Hepimiz gerçek ihtiyaç sahiplerine, belirli yerlere bağış yapmaya çalışıyoruz, ama yardımlar gerçek ihtiyaç sahiplerine verilmelidir, bunu meslek eden çocuklarını ve ailelerini kullanıp, çalışmadan rahat yaşam sürdürmek isteyenlere değil.
Geçtiğimiz günlerde benim gibi birçok vatandaşın yürüğü, taş mağazalarından cumhuriyet caddesine gelinceye kadar, toplamda 15 dilenci ben dahil gördükleri herkesten ısrarlı para isteyen, genç kadın, çocuk kısacası her yaş gurubundan bireyler para istediler.
Ramazan ayı manevi duyguların had safhada olduğu aydır, bunu fırsat bilip insanları istismar etmeleri ve bir türlü sonu getirilemeyen seyyar tahsilatçılardan vatandaşlar oldukça rahatsız.
Bizler gerçek aç kişinin karnını doyuralım, okuma gücü olmayana burs verelim, hastalara yardım edelim ve gerçek ihtiyaç sahipleri asla paranın nerde olduğunu bilip banka önünde, kuyumcu önünde dilenmez amaç belli eylem belli.
Bu anlamda sayın başkanlarımıza, zabıtalarımıza büyük pay düşüyor, ilk etapta dilendirilen çocukların güzel yarınları için, istismar edilen vatandaşlar için, toplum güvenliği ve huzuru için en önemlisi gerçek ihtiyaç sahiplerinin bulabilmemiz için, etkin bir çalışma yürütülmesi icap eder.
Yine şahit olduğum şaşırdığım bir konu bankada işlem sırası beklerken yürüdüğüm bir yol istikametinde sürekli gördüğüm dilenci bir hanımda orda idi, bankada birkaç para destesi verdi hesabına yatırmak için, oradan çıkıp tekrar dilenmeye devam etti.

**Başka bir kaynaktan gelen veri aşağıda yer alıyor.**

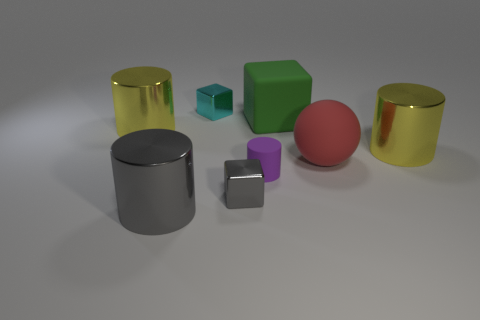Subtract all big metallic cylinders. How many cylinders are left? 1 Add 1 large yellow cylinders. How many objects exist? 9 Add 2 big cubes. How many big cubes exist? 3 Subtract all cyan cubes. How many cubes are left? 2 Subtract 0 purple cubes. How many objects are left? 8 Subtract all balls. How many objects are left? 7 Subtract 1 blocks. How many blocks are left? 2 Subtract all red cylinders. Subtract all yellow spheres. How many cylinders are left? 4 Subtract all cyan cylinders. How many gray blocks are left? 1 Subtract all shiny blocks. Subtract all small cyan objects. How many objects are left? 5 
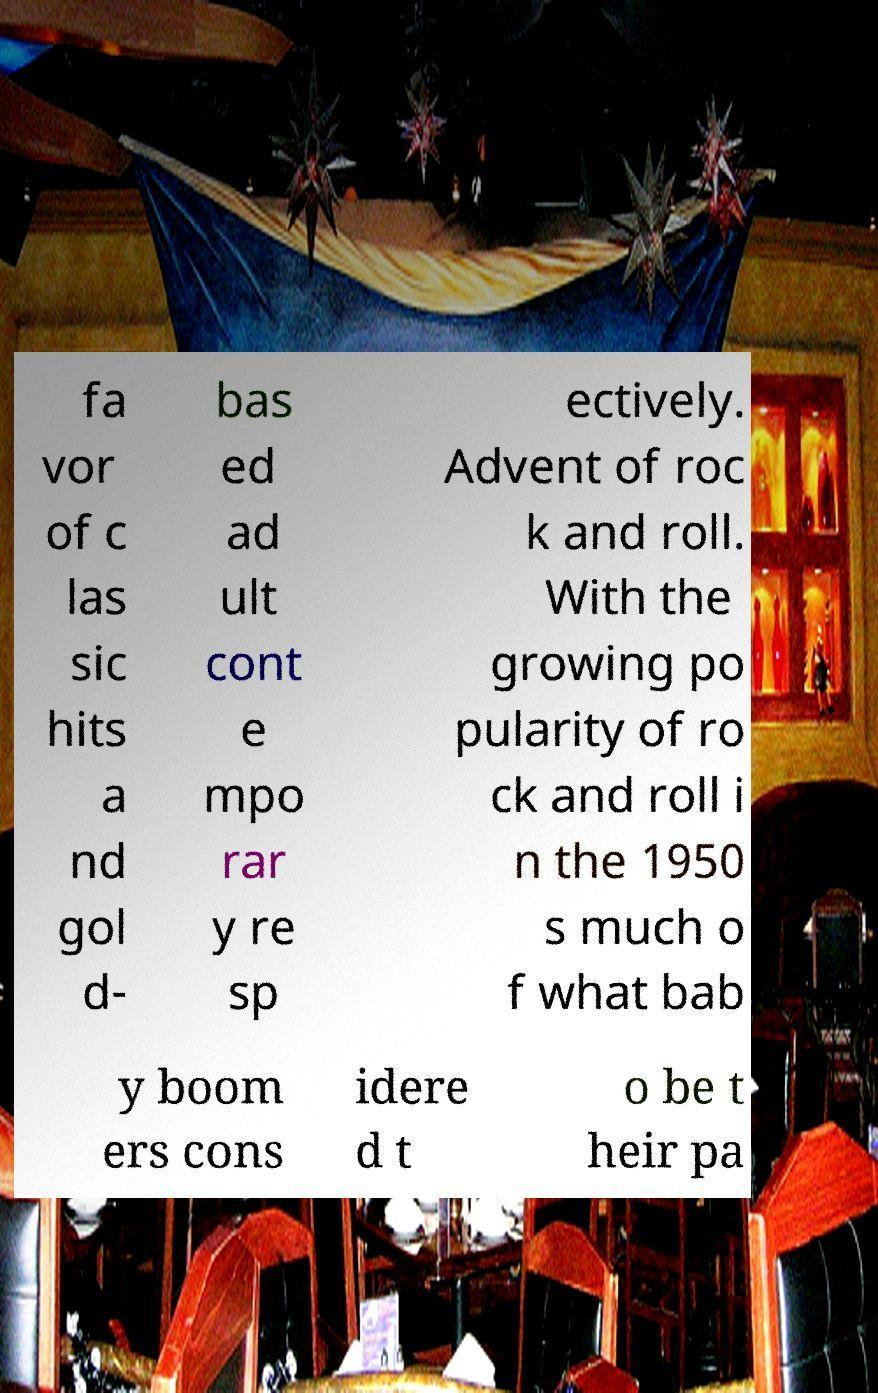I need the written content from this picture converted into text. Can you do that? fa vor of c las sic hits a nd gol d- bas ed ad ult cont e mpo rar y re sp ectively. Advent of roc k and roll. With the growing po pularity of ro ck and roll i n the 1950 s much o f what bab y boom ers cons idere d t o be t heir pa

Durum içler acısı, zanlımca insanlar artık gerçek ihtiyaç sahiplerini bulmayı yeğlerler, şehrimize ülkemize son derece yakışmayan durumlar sayın yetkilerimizin bu duruma daha etkili biçimde el atması sayısız vatandaşımızın beklentisi içerisinde, geleceğimiz için, çocuklar için, şehrimiz için, hepimiz için.